All compensated – or maybe not?

The works council must approve a waiver of claims in severance schemes. An exception only applies to settlements of the facts (German Tatsachenvergleich).

In the case of the defendant employer, a redundancy payment was provided for in a social compensation plan (shop agreement). The plaintiff who had been dismissed for operational reasons reached a settlement with the company in the dismissal proceedings which included a redundancy payment. In addition, it was also agreed that the payment would cover all mutual claims arising from the employment relationship and its termination.

In his lawsuit, the plaintiff then demanded the difference between the redundancy payment in the social compensation plan and the agreed (lower) settlement amount.
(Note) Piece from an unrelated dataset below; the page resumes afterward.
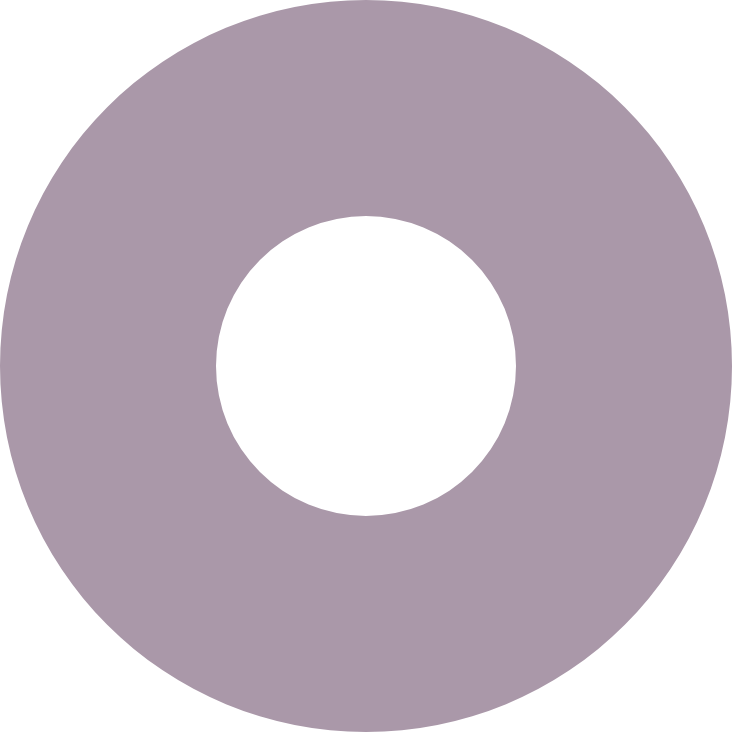<chart> <loc_0><loc_0><loc_500><loc_500><pie_chart><ecel><nl><fcel>100.0%<nl></chart> 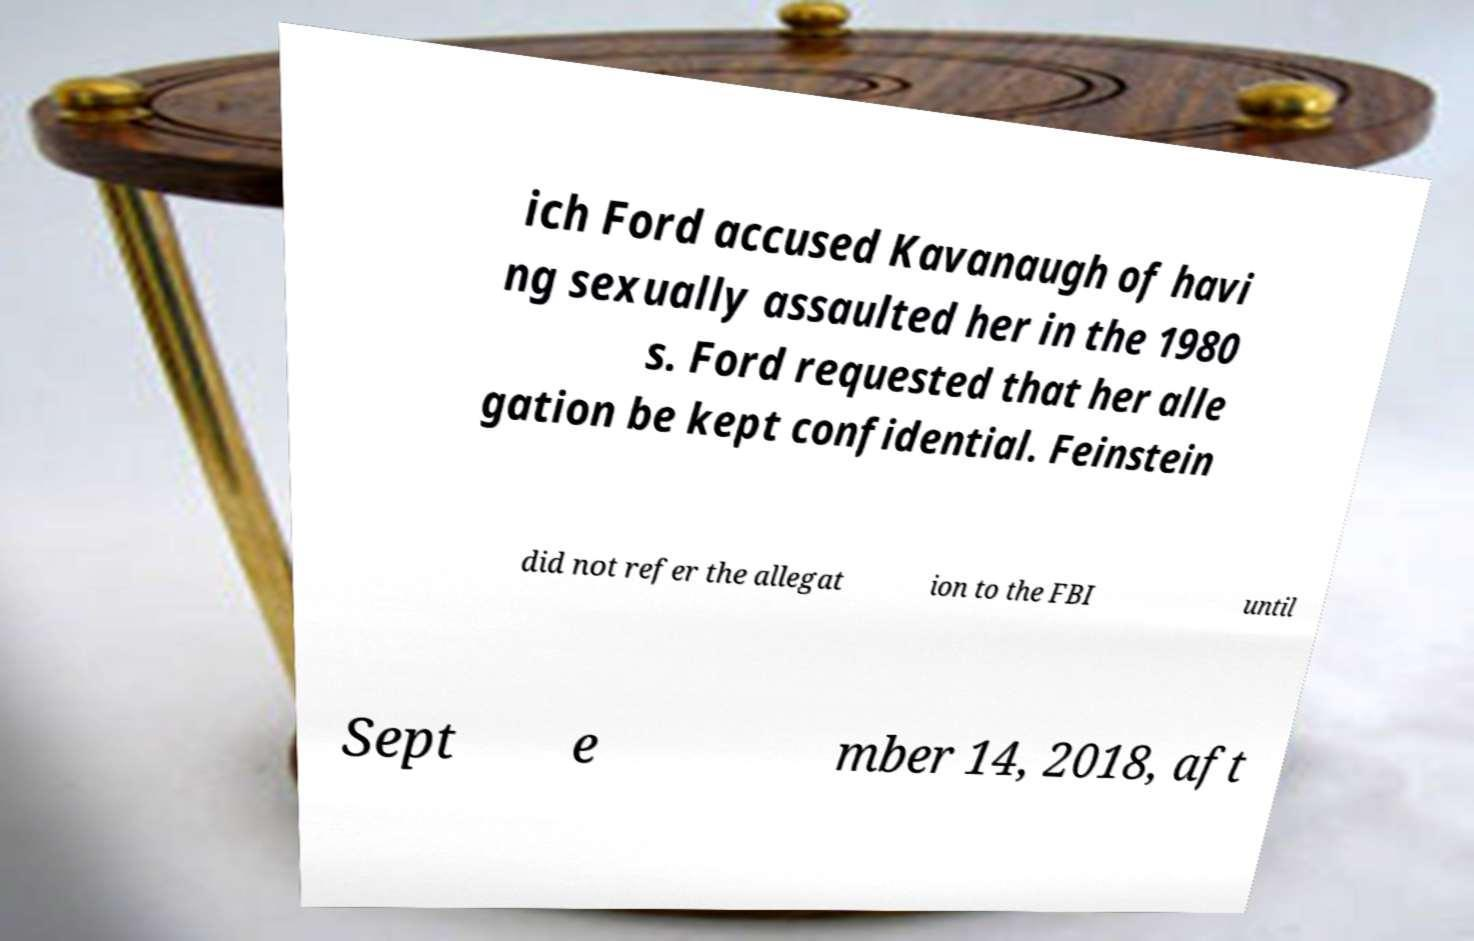Could you assist in decoding the text presented in this image and type it out clearly? ich Ford accused Kavanaugh of havi ng sexually assaulted her in the 1980 s. Ford requested that her alle gation be kept confidential. Feinstein did not refer the allegat ion to the FBI until Sept e mber 14, 2018, aft 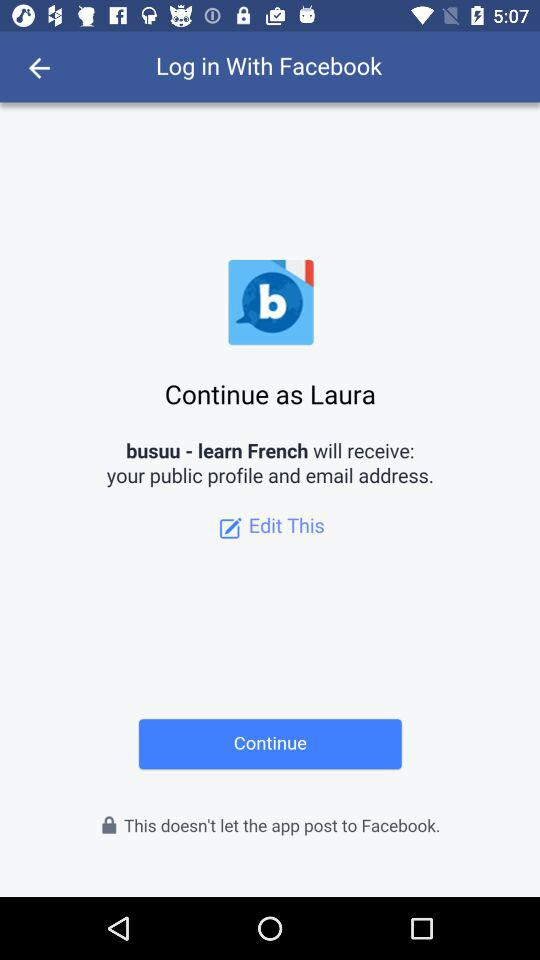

After both previous instances had dismissed the complaint, the successful appeal before the Federal Labour Court led to an annulment and remittal of the case.

As a lower instance, the Higher Labour Court of Munich had presumed that the provision of sec. 77 para. 4 sent. 2 Works Constitution Act (German BetrVG) did not apply here. In this case, a waiver of claims under a shop agreement would only be admissible with the consent of the works council. There is no waiver of rights under a shop agreement. It was a settlement of facts (German Tatsachenvergleich) in which only the factual conditions of the claim were disputed.

The Federal Labour Court initially ruled in favour of the Higher Labour Court to the extent that the works council was not required to participate in a settlement of facts. However, it is not a settlement of facts in this case, but rather a waiver of rights by the parties to the proceedings. On the one hand, the – legal – applicability of the shop agreement had previously been disputed between the plaintiff and the defendant. On the other hand, the parties had expressly agreed in the wording of the compromise that mutual claims were “compensated” which did not eliminate the actual uncertainty about the conditions of a possible claim. Rather, the legal uncertainty of the claim’s existence was decisive.

The plaintiff’s request for payment does not constitute an unlawful exercise of a right as per sec. 242 Civil Code (German BGB). The conclusion of an agreement that violates sec. 77 para. 4 sent. 2 BetrVG alone does not create any assurance that the employee will not assert its ineffectiveness at a later date. Otherwise, the legally mandated irrevocability of a claim conveyed under works constitution law would be void.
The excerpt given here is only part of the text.